(DATA EXTRACTS Opens)
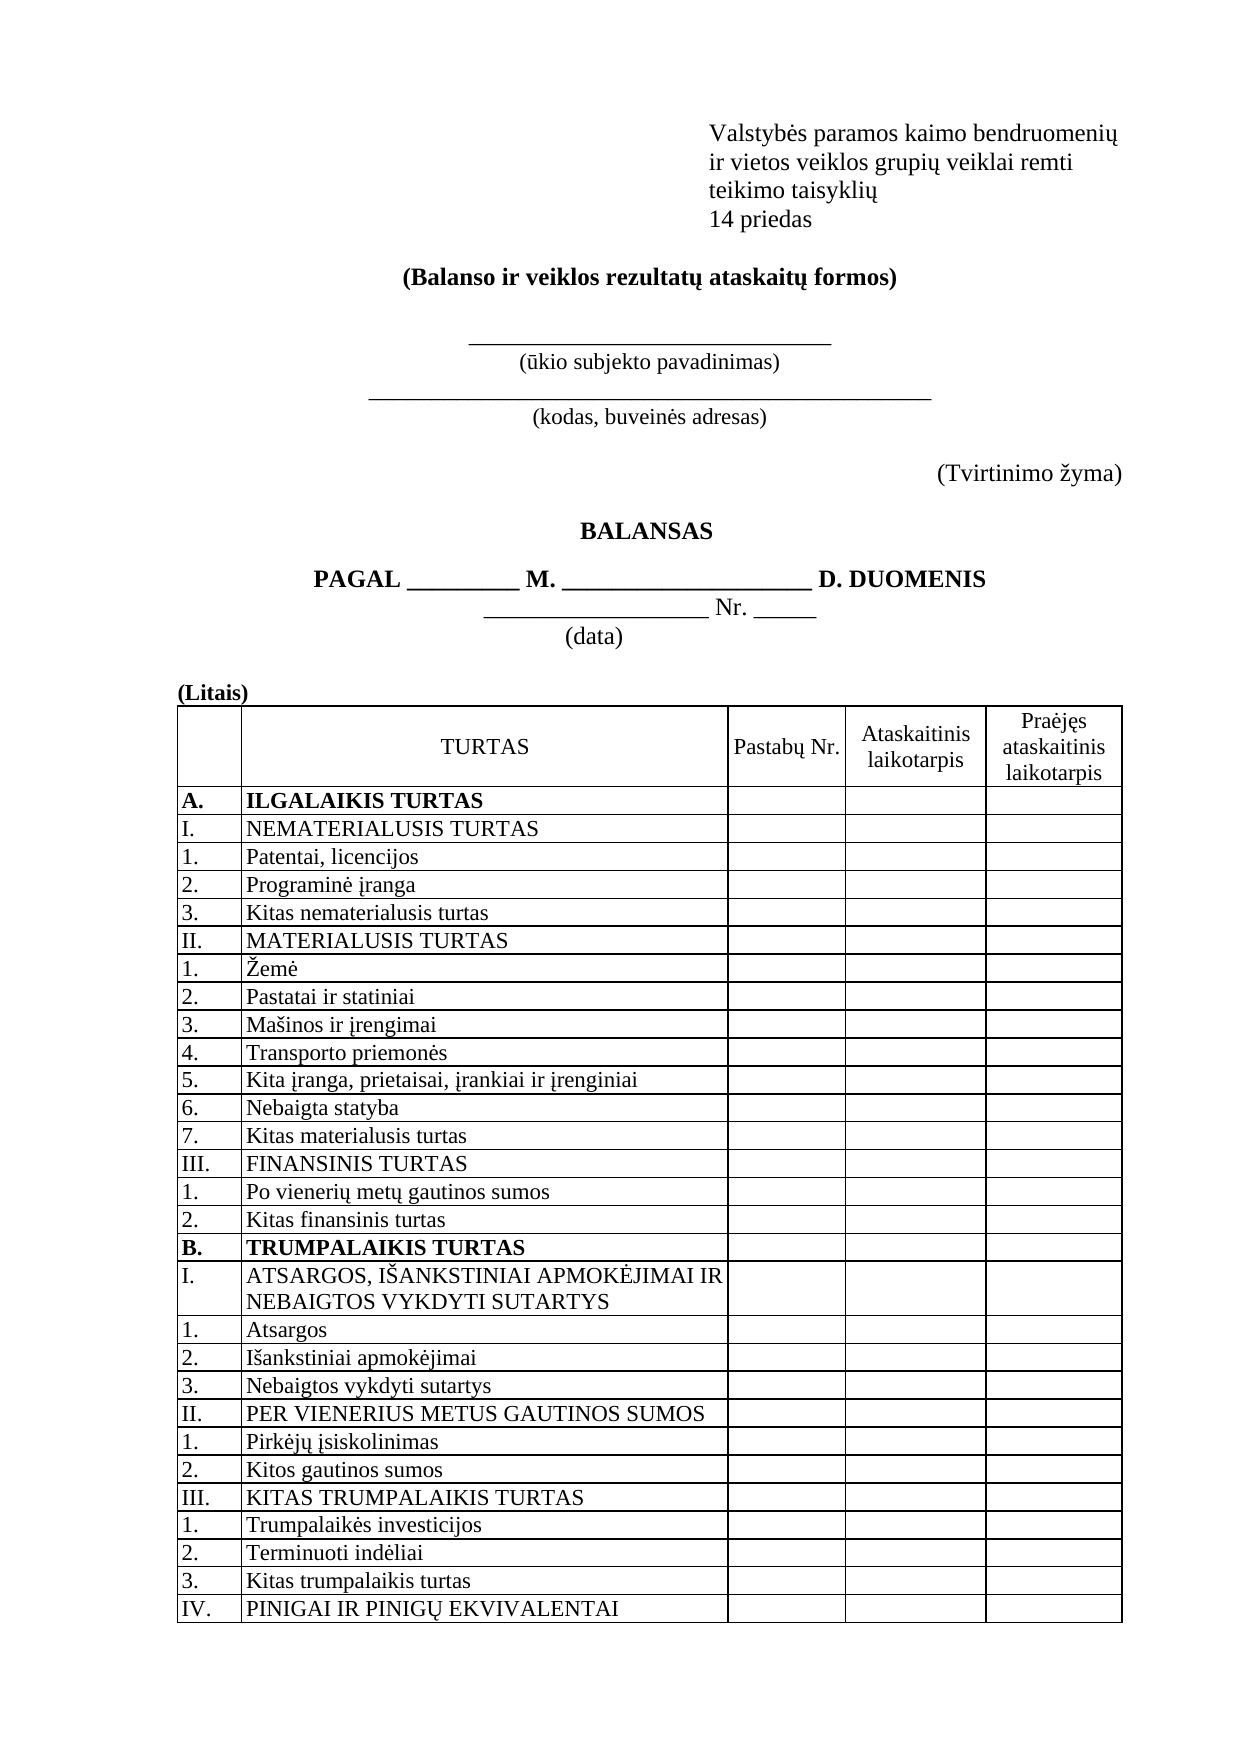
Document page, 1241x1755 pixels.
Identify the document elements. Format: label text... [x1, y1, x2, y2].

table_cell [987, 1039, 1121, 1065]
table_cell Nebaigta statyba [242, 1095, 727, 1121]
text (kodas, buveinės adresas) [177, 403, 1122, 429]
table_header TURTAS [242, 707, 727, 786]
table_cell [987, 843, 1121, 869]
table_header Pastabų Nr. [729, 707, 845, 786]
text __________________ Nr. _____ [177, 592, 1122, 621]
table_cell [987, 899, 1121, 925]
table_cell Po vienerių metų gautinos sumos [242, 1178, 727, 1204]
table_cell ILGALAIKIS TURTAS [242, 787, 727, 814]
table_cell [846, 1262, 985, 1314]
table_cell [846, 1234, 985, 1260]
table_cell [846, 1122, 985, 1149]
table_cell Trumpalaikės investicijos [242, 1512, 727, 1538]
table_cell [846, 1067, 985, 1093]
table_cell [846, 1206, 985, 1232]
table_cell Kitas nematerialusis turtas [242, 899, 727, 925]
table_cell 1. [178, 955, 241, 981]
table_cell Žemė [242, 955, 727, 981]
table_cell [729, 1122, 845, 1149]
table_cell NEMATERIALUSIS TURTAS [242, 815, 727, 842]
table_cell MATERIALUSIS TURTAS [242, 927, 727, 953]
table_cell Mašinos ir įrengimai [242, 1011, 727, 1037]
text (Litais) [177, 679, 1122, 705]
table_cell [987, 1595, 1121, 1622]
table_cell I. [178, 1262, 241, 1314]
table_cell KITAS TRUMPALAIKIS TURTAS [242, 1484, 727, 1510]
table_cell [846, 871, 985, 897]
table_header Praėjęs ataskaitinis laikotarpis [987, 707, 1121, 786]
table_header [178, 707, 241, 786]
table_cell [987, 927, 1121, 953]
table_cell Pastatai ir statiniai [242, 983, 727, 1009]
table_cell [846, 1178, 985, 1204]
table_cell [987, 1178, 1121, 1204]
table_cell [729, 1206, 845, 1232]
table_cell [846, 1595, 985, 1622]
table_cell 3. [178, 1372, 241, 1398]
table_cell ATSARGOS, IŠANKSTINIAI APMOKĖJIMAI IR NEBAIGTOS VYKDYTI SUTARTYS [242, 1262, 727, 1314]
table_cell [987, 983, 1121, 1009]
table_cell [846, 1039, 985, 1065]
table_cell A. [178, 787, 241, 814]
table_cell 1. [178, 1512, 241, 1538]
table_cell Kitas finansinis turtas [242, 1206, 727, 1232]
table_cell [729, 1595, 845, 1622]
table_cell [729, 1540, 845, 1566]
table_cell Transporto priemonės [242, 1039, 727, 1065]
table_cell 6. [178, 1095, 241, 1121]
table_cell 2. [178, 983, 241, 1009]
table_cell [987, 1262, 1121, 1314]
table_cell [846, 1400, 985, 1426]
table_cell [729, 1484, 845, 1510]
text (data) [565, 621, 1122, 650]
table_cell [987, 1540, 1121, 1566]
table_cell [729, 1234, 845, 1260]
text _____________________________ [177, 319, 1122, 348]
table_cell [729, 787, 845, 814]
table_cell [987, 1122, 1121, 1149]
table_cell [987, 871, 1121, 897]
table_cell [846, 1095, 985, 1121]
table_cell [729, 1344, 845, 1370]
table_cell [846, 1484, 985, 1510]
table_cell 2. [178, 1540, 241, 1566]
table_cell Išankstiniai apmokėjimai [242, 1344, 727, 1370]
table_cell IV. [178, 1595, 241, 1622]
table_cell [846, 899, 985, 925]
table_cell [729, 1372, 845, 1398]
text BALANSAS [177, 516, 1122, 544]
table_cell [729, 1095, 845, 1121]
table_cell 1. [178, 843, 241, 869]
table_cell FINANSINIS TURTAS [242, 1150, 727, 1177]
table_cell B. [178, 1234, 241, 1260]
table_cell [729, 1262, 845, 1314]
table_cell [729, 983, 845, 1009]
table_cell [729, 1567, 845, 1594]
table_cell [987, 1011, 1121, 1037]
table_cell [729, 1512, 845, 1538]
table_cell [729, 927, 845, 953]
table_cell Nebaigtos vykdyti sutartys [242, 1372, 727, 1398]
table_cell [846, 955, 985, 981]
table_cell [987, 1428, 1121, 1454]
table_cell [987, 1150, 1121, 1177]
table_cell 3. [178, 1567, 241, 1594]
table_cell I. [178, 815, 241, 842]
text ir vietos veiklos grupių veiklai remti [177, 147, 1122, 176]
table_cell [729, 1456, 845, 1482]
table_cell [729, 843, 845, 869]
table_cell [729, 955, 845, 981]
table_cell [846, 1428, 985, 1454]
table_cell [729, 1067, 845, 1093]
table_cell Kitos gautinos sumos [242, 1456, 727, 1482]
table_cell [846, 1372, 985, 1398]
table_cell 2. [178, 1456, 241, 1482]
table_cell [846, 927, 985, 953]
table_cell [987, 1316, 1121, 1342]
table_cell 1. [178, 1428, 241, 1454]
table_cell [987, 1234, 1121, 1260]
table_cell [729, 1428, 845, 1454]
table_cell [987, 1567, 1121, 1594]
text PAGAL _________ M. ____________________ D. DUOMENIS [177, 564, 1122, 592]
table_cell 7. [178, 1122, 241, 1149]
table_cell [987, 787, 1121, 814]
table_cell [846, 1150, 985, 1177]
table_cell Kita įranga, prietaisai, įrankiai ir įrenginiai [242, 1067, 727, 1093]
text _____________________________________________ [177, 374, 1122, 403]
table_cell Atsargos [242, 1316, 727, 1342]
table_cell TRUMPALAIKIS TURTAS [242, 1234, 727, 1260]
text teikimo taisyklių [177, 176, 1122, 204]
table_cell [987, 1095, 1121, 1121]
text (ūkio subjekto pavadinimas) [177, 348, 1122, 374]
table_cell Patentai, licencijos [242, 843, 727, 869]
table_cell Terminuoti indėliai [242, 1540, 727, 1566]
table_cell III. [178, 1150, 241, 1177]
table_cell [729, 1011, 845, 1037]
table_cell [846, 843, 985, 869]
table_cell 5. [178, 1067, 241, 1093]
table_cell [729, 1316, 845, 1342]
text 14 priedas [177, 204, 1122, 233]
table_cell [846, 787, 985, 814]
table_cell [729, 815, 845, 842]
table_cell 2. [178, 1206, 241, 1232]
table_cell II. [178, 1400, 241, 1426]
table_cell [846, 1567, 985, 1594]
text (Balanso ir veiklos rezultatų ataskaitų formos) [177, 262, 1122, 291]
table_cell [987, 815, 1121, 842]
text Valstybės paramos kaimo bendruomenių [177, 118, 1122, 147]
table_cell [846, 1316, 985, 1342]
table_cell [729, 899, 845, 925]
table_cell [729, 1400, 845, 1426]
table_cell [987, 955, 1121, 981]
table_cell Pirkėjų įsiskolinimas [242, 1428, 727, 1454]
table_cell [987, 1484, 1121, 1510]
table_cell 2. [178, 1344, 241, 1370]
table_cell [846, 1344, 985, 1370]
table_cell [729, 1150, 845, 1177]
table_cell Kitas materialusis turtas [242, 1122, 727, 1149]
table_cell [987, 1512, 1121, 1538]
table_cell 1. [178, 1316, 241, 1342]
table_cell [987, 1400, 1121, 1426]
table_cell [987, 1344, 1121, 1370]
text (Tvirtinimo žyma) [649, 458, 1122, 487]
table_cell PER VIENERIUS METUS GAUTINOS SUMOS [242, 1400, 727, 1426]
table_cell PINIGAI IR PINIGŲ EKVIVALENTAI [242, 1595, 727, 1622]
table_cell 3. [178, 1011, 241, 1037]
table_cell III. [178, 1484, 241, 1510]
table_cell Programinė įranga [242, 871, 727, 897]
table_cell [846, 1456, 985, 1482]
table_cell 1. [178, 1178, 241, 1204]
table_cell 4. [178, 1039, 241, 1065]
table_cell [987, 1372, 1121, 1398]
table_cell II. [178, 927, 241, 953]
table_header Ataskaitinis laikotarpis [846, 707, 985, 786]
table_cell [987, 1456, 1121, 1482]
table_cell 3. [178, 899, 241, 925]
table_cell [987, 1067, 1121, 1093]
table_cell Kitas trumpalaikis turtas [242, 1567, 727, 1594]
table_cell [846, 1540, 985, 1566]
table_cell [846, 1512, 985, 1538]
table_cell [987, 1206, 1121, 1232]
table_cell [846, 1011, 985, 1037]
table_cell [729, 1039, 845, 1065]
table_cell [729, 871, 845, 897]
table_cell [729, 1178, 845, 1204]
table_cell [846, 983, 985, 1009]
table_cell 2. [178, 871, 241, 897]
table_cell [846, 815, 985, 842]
(DATA EXTRACTS Closes)
- **EXERCISE GOAL**: Across the data, how many lines contain the string "veiklos"? Only the number is wanted.

- **SOLUTION TO THIS EXERCISE**: 2